Há algumas semanas o Victor Hugo
recebeu o resultado das provas do 3º Bimestre. Sua nota de matemática foi 8,8,
uma nota excelente, principalmente se levarmos em consideração que mais da
metade de sua turma teve nota inferior a 2,0 e que o pouco que ele errou foi por
pura distração. Ele disse que foi bem porque o ajudei a estudar, ainda que eu
não tenha feito nada demais, mas apenas ensinei a matéria de modo a fazê-lo
entender o que havia por traz dos números e prestei atenção nas dificuldades
que ele apresentava ao resolver os exercícios.
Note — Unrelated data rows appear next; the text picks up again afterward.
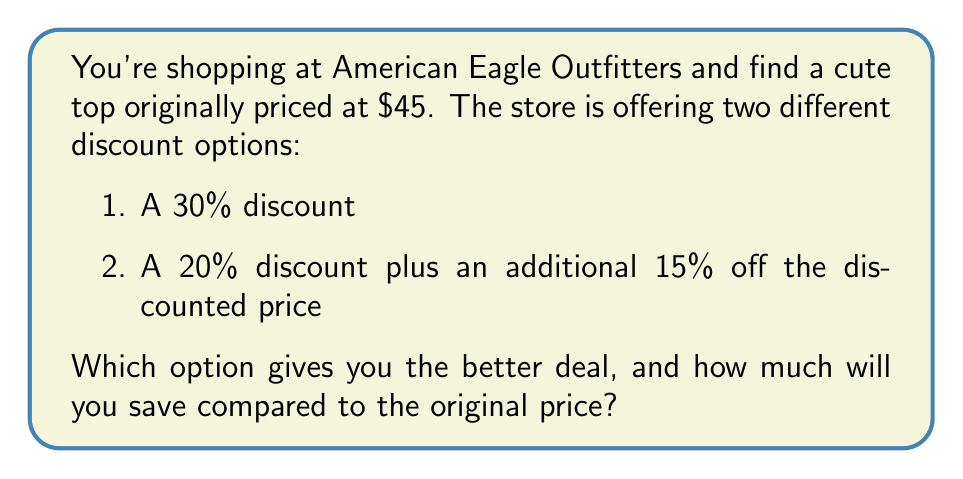Teach me how to tackle this problem. Let's calculate the final price for each option:

Option 1: 30% discount
1. Calculate the discount amount:
   $45 \times 0.30 = $13.50$
2. Subtract the discount from the original price:
   $45 - $13.50 = $31.50$

Option 2: 20% discount plus an additional 15% off
1. Calculate the price after the 20% discount:
   $45 \times (1 - 0.20) = $45 \times 0.80 = $36$
2. Apply the additional 15% discount to the new price:
   $36 \times (1 - 0.15) = $36 \times 0.85 = $30.60$

Compare the final prices:
Option 1: $31.50
Option 2: $30.60

Option 2 gives you the better deal.

To calculate the savings compared to the original price:
$45 - $30.60 = $14.40$
Answer: Option 2; $14.40 saved

A matemática é uma linguagem e, como tal, deve ser usada para expressar a realidade, para simplificar processos mentais que seriam impossíveis sem a ajuda de abstrações. |
Como mencionamos em outro post, foram
40 minutos nos quais expliquei a matéria de um bimestre. O professor demorou
dois meses para superar essa matéria por um motivo simples: passava a maior
parte do tempo tentando controlar uma turma de 40 pré-adolescentes, uma missão
impossível, ainda mais nestes tempos em que qualquer alteração de voz é
considerada agressão. Não havia nada de muito complexo para aprender, mas
apenas equações com duas variáveis. O problema é que ele, assim como seus
colegas de sala, não sabia nem mesmo o que eram números, muito menos variáveis.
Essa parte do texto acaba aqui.